Of the lines in the data below, write out exactly those from the one holding "Here's the drawing" through the one holding "Item 3: Which", both included.
════════
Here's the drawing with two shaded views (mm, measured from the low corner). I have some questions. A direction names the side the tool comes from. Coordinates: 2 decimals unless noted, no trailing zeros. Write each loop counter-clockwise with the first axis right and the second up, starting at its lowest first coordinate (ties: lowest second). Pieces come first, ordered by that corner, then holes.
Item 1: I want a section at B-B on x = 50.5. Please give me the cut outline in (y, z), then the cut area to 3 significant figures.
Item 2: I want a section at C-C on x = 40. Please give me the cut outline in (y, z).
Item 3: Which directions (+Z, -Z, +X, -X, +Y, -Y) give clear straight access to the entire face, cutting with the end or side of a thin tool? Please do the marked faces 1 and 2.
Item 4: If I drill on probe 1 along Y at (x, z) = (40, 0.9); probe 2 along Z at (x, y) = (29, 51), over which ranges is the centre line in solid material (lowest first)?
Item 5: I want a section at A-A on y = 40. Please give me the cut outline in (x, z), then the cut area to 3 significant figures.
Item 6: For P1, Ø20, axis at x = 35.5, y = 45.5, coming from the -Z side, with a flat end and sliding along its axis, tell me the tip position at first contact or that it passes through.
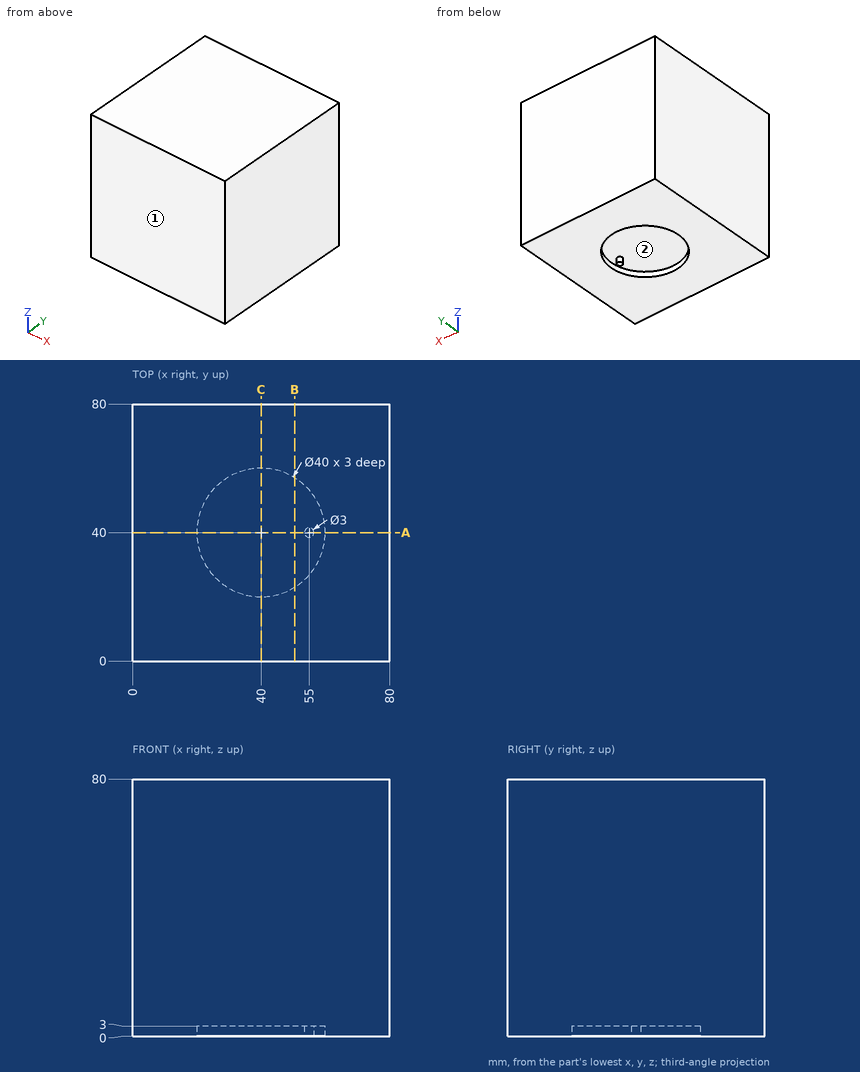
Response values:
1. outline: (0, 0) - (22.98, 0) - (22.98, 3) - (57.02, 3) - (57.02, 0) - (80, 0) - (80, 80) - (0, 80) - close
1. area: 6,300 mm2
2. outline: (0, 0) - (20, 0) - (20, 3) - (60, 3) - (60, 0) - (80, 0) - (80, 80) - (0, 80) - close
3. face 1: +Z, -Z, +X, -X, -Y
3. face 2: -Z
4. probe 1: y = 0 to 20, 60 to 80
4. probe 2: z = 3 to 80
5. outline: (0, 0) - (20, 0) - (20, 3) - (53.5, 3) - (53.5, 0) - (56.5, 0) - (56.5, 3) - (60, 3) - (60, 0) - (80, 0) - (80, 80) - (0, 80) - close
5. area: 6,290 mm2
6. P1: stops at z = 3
════════
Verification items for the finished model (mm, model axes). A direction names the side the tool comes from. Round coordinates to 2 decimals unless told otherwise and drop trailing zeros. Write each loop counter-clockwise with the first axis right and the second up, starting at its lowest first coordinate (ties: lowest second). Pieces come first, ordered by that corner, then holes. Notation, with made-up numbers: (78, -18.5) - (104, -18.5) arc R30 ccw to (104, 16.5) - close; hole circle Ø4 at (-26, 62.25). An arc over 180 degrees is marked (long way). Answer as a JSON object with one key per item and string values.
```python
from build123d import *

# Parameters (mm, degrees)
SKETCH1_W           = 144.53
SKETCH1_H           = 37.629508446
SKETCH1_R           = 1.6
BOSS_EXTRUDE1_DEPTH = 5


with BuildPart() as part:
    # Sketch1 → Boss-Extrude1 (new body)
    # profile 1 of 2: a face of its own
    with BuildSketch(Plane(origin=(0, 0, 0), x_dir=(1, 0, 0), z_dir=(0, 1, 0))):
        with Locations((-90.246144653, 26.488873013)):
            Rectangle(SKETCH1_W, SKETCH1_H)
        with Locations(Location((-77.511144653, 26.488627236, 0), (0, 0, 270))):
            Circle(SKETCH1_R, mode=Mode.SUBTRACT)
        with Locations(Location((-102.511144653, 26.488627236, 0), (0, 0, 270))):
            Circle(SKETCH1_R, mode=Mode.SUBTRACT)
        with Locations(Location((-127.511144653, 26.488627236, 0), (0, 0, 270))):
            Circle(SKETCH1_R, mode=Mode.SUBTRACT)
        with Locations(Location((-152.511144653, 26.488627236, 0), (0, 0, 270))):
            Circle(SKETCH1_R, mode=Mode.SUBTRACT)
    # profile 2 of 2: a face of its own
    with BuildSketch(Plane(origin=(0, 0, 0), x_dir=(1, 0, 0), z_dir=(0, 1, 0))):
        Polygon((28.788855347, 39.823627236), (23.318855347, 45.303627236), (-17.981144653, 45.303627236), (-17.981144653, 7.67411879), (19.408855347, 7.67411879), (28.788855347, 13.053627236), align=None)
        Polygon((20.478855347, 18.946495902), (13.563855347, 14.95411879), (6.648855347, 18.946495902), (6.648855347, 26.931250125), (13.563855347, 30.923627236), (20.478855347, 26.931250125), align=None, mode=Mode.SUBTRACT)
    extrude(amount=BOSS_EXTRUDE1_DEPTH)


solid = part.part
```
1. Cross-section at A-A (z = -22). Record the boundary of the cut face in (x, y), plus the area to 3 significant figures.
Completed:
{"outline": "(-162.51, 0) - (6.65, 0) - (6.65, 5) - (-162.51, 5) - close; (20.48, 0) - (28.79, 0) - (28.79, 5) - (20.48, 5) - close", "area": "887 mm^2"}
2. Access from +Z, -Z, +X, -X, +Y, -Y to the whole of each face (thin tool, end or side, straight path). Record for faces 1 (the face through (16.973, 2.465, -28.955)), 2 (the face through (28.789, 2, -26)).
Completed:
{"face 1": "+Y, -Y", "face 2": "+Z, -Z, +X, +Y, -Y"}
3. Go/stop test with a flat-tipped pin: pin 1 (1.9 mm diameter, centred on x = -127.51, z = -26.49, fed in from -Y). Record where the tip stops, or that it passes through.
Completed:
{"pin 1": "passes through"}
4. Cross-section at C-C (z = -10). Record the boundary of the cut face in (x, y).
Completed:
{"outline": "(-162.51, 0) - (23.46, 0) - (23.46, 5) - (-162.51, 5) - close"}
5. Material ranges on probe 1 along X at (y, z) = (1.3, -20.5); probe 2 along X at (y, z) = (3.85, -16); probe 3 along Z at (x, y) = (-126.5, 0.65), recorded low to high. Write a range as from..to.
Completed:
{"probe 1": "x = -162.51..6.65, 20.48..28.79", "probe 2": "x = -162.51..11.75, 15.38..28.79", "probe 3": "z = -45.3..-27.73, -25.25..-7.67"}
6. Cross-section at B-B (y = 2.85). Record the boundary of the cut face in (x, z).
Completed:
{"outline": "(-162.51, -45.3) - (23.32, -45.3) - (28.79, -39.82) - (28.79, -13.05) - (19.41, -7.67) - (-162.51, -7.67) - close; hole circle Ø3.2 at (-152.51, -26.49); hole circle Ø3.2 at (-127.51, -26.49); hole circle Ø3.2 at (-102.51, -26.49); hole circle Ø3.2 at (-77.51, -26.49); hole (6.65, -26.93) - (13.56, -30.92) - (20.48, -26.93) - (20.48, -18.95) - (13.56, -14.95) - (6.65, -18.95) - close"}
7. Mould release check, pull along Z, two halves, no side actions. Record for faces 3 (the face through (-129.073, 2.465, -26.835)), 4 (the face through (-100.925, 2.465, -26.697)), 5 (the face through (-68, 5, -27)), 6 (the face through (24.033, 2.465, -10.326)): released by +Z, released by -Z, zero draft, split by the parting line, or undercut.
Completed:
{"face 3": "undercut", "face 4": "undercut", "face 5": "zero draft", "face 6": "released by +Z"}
════════
OUTPUT OF THE TASK:
Here's the drawing with two shaded views (mm, measured from the low corner). I have some questions. A direction names the side the tool comes from. Coordinates: 2 decimals unless noted, no trailing zeros. Write each loop counter-clockwise with the first axis right and the second up, starting at its lowest first coordinate (ties: lowest second). Pieces come first, ordered by that corner, then holes.
Item 1: I want a section at B-B on x = 50.5. Please give me the cut outline in (y, z), then the cut area to 3 significant figures.
Item 2: I want a section at C-C on x = 40. Please give me the cut outline in (y, z).
Item 3: Which directions (+Z, -Z, +X, -X, +Y, -Y) give clear straight access to the entire face, cutting with the end or side of a thin tool? Please do the marked faces 1 and 2.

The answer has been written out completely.